I like a clean and tidy home but not only do I want to be able to maintain one, I want to do enjoyable things on top of that.  Ha ha ha ha ha -I hear my wrecked auto-immune system laughing at me.  Dream on!  I had hoped to get out with my camera today, taking photos of local scenes for potential painting projects but I am a purple blob on the sofa today.  I tell myself that the hazy conditions outside would ruin my photos anyhow.  I tell myself I should just curl up with Margaret Atwood. 

Despite liking the dishes to be clean, I let them pile up in the sink and I painted instead.  In a perfect world I could do both, but when has the world ever been perfect?  Perfection is boring and I do have priorities.  Perfection is something I don't aim for in my painting either.  I like it a little bit naive, a little bit wobbly.
So here is my wobbly project of the moment.  It's a little section of downtown Courtenay, the neighbouring town, painted in acrylic on fibre board.  I will likely spend another month touching it up randomly now.  As with my writing, I alternately like this painting and loathe it. 

Wednesday, 1 July 2015

Fun Surprises and a Heat Wave

 I received a parcel in the mail this week, an exciting one!  It wasn't a surprise but it took a month to get here so there was definitely built up anticipation involved.  The creative, talented and ever so sweet Jazzy Jack of Natural Medley made me a bracelet and necklace and she sure had my colours figured out.  She also knows that I am exactly the sort of person who would mix skulls with soft, pretty beads.  We are having a heat wave, probably something an Aussie would laugh at but I am melting.  I don't take heat too well and you can even see me melting in the photo.  Limp hair, limp dress, just a bit too sweaty.  Yes, I am going to put this picture on the internet.  However, I had a heck of a time getting a tolerable photo of myself modelling my new bling.

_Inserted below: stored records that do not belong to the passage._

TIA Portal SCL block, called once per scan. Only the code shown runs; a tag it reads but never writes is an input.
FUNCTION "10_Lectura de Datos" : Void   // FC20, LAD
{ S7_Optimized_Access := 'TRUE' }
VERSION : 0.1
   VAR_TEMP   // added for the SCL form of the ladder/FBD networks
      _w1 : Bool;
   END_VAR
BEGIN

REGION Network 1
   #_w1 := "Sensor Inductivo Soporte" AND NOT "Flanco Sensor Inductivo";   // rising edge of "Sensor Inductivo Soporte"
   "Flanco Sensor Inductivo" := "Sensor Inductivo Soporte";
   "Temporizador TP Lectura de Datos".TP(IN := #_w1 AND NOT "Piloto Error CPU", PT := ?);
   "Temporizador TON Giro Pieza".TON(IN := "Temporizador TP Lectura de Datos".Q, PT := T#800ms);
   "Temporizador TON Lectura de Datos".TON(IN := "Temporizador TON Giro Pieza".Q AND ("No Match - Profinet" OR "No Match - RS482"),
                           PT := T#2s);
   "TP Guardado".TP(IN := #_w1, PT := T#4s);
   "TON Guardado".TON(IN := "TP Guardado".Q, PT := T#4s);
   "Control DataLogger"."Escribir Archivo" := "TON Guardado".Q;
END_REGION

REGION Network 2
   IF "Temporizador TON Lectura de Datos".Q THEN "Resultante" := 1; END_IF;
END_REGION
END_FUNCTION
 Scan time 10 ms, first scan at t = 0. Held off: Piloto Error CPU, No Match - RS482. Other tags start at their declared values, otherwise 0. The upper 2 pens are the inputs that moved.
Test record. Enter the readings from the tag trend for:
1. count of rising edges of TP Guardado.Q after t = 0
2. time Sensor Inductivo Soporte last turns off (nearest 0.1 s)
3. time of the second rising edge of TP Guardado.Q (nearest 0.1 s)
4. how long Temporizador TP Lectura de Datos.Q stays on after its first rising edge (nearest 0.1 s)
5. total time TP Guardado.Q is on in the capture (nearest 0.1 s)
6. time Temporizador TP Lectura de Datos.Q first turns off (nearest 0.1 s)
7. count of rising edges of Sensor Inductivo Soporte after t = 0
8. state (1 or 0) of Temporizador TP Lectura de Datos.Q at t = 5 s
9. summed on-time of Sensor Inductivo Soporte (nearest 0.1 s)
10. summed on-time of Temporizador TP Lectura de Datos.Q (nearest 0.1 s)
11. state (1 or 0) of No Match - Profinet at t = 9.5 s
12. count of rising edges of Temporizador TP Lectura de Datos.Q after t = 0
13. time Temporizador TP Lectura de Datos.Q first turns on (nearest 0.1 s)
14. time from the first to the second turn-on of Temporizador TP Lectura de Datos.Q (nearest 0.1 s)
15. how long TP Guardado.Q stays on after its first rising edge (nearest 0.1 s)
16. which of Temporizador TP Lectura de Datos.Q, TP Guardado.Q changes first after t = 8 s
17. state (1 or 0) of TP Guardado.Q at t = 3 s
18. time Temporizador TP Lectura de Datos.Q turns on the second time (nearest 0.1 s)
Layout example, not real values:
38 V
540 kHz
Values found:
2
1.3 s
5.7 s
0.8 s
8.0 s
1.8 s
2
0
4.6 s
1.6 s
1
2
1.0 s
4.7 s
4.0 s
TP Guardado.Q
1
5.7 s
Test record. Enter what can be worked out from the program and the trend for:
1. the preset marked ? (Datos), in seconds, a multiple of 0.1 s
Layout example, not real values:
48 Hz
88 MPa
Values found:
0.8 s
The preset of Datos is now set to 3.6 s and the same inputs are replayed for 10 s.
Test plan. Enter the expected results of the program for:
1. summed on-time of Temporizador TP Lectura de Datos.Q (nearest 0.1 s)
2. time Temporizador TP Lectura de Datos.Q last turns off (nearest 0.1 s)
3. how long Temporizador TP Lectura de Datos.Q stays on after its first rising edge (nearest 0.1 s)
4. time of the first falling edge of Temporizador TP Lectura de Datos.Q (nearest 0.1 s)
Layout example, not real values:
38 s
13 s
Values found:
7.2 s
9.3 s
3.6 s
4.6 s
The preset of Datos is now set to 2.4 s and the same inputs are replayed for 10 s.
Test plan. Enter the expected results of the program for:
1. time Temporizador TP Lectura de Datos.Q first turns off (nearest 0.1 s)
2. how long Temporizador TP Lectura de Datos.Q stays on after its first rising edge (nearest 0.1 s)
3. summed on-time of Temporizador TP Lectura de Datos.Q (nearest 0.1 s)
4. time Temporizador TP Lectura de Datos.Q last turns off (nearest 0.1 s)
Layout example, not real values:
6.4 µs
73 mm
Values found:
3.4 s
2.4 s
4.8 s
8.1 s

                                          Limp in the Doorway

                                                Ladylike Skulls

   I gave up on sweaty photos and went to bed.  I hung my pretty necklace  where I could see it.

 I tried again the next day and after many hideous results that were blurry and either did not flatter me or the necklace or both I finally achieved these.  And they will just have to do.  Look how Jack just nailed my colours.  They literally match me!  And while we are at it, somebody please tell me what colour my eyes are because I have never known what to call them.  My driver's license says hazel, which clearly they are not.

                      Damn you neck, you are giving away my true age. 

A confession:  Somewhere, hiding slightly under the pretty beads and their creative design, is a red paint splotch because I would not be me if I did not have ink and paint on me in one or two spots in addition to several bruises.

Writing and painting are increasingly crowding out Blog World.  This is a happy thing for me, this is doing what I am truly passionate about doing. I do not expect to leave though and am still coming round to visit my favourite blogs and still posting here sometimes too.    When I am not melted into a puddle that is.  Peri-menopause and a heat wave.  Gah!

Check out Jack's blog if you don't know it because it is an awesome blog and you will not regret it.